Several houses were destroyed, and residents were unaccounted for in neighborhoods hard to reach because of downed trees and power lines, he said. 

The mud was reported to be up to 1.5 metres deep in places.

"We're performing multiple rescues. There will be more," said Santa Barbara County Fire Department Captain Dave Zaniboni, adding that some of those brought to safety were buried in mud. 

There was a backlog of scores of callers requesting help.

Sally Brooks said a "boulder slide" occurred outside her home in nearby Carpinteria in the dead of night.

"We were laying in bed listening to the rain, and out of nowhere our bed just started shaking, and we could hear just this, like, thunder," she told KTLA-TV.

Reuters

Emergency personnel search through debris and mud flow after a mudslide in Montecito, California, US in this still photo taken from video provided by the Santa Barbara County Fire Department, January 9, 2018.

Widespread devastation

Photos posted on social media showed upside-down cars along debris-clogged roads and mud waist-deep in living rooms.

Forecasters said the maximum rainfall occurred in a 15-minute span starting at 1130 GMT near the Montecito, Summerland and Carpinteria areas of Santa Barbara County. 

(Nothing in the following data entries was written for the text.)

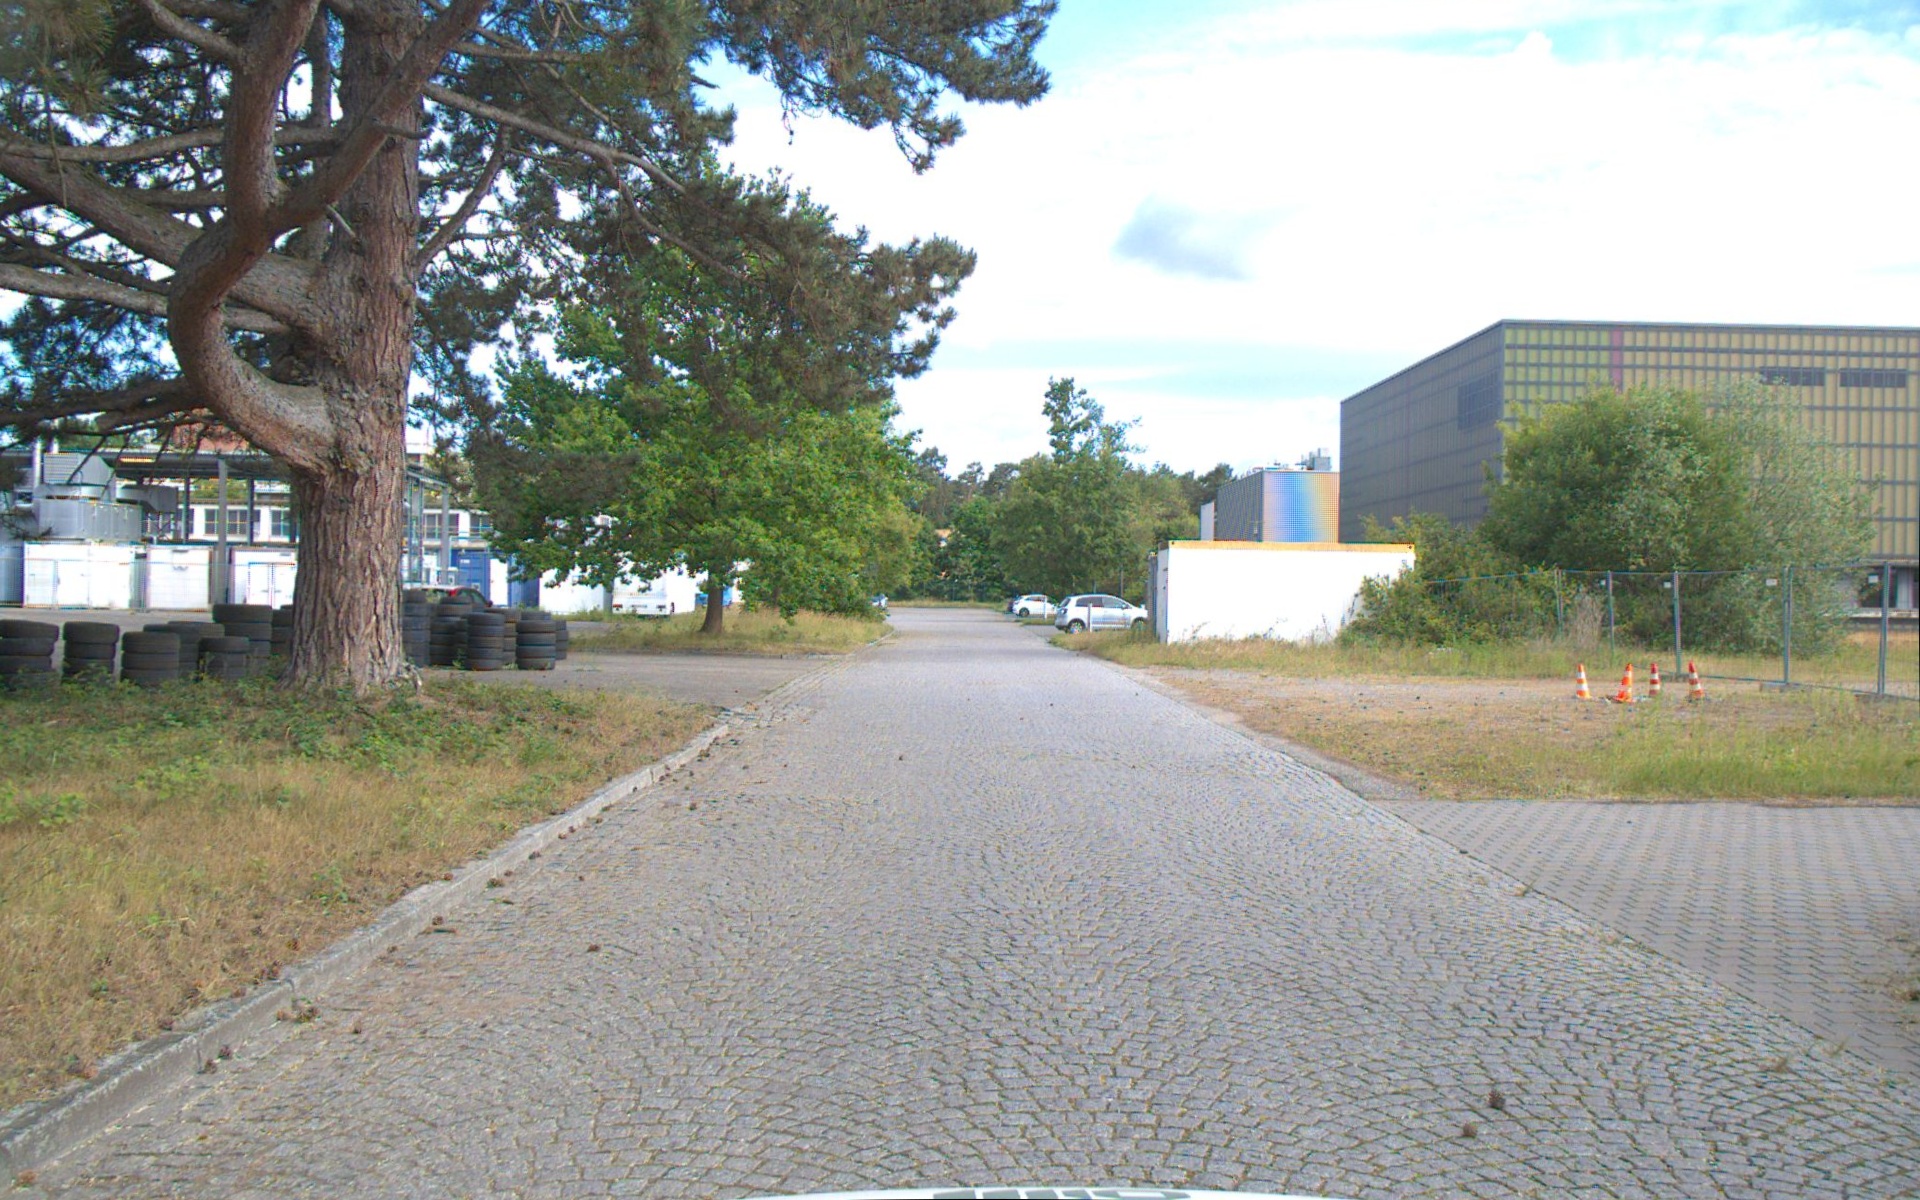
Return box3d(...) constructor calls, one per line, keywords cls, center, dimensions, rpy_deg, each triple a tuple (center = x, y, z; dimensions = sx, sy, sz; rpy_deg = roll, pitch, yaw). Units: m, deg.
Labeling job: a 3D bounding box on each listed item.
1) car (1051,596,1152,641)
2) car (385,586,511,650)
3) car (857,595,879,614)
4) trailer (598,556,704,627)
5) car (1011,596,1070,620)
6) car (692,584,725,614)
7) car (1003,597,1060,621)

Montecito got more than a 12.7 millimetres in five minutes, while Carpinteria received 21.84 millimetres in 15 minutes.

Crews worked to clear debris from roads across the Los Angeles metropolitan area, including a key stretch of US 101 that was brought to a standstill along the border of Santa Barbara and Ventura counties. 

Nearly 48 kilometres of the highway were shut down at point.

The storm walloped much of the state with damaging winds and thunderstorms.

Downtown San Francisco got a record 80 millimetres of rain on Monday, smashing the old mark of 59.94 millimetres set in 1872.